(INSTRUCTIONS TO FOLLOW)
Please reproduce the data in full, exactly as it stands.

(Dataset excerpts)
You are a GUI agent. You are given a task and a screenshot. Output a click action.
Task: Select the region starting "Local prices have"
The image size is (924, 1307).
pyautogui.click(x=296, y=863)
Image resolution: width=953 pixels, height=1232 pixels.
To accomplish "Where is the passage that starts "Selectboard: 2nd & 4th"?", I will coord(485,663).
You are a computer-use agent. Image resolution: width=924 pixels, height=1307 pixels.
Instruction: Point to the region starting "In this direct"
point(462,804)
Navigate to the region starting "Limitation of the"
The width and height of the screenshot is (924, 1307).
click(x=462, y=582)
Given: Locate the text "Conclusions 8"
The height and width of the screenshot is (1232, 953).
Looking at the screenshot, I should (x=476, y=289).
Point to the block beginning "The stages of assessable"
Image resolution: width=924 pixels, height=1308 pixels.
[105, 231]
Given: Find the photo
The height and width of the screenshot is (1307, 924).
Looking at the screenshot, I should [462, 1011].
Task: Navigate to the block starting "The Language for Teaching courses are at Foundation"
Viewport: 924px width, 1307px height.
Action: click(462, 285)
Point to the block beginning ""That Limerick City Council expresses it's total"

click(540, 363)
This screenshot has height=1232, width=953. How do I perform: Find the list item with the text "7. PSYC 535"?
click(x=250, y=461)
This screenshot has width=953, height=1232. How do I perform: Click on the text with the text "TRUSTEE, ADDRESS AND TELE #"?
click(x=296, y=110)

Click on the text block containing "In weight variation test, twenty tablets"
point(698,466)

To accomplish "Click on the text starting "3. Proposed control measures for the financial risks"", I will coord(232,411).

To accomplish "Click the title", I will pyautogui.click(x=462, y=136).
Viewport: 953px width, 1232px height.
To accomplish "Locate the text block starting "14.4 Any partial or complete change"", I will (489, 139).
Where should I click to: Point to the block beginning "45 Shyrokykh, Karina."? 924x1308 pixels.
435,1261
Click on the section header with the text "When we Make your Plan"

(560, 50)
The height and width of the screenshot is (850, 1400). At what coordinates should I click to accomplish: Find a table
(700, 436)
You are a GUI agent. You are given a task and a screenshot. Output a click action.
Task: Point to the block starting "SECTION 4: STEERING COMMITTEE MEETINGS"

(ANSWER SECTION)
You are a GUI agent. You are given a task and a screenshot. Output a click action.
Task: Select the region starting "Local prices have"
The image size is (924, 1307).
pyautogui.click(x=296, y=863)
Image resolution: width=953 pixels, height=1232 pixels.
To accomplish "Where is the passage that starts "Selectboard: 2nd & 4th"?", I will coord(485,663).
You are a computer-use agent. Image resolution: width=924 pixels, height=1307 pixels.
Instruction: Point to the region starting "In this direct"
point(462,804)
Navigate to the region starting "Limitation of the"
The width and height of the screenshot is (924, 1307).
click(x=462, y=582)
Given: Locate the text "Conclusions 8"
The height and width of the screenshot is (1232, 953).
Looking at the screenshot, I should (x=476, y=289).
Point to the block beginning "The stages of assessable"
Image resolution: width=924 pixels, height=1308 pixels.
[105, 231]
Given: Find the photo
The height and width of the screenshot is (1307, 924).
Looking at the screenshot, I should [462, 1011].
Task: Navigate to the block starting "The Language for Teaching courses are at Foundation"
Viewport: 924px width, 1307px height.
Action: click(462, 285)
Point to the block beginning ""That Limerick City Council expresses it's total"

click(540, 363)
This screenshot has height=1232, width=953. How do I perform: Find the list item with the text "7. PSYC 535"?
click(x=250, y=461)
This screenshot has width=953, height=1232. How do I perform: Click on the text with the text "TRUSTEE, ADDRESS AND TELE #"?
click(x=296, y=110)

Click on the text block containing "In weight variation test, twenty tablets"
point(698,466)

To accomplish "Click on the text starting "3. Proposed control measures for the financial risks"", I will coord(232,411).

To accomplish "Click the title", I will pyautogui.click(x=462, y=136).
Viewport: 953px width, 1232px height.
To accomplish "Locate the text block starting "14.4 Any partial or complete change"", I will (489, 139).
Where should I click to: Point to the block beginning "45 Shyrokykh, Karina."? 924x1308 pixels.
435,1261
Click on the section header with the text "When we Make your Plan"

(560, 50)
The height and width of the screenshot is (850, 1400). At what coordinates should I click to accomplish: Find a table
(700, 436)
You are a GUI agent. You are given a task and a screenshot. Output a click action.
Task: Point to the block starting "SECTION 4: STEERING COMMITTEE MEETINGS"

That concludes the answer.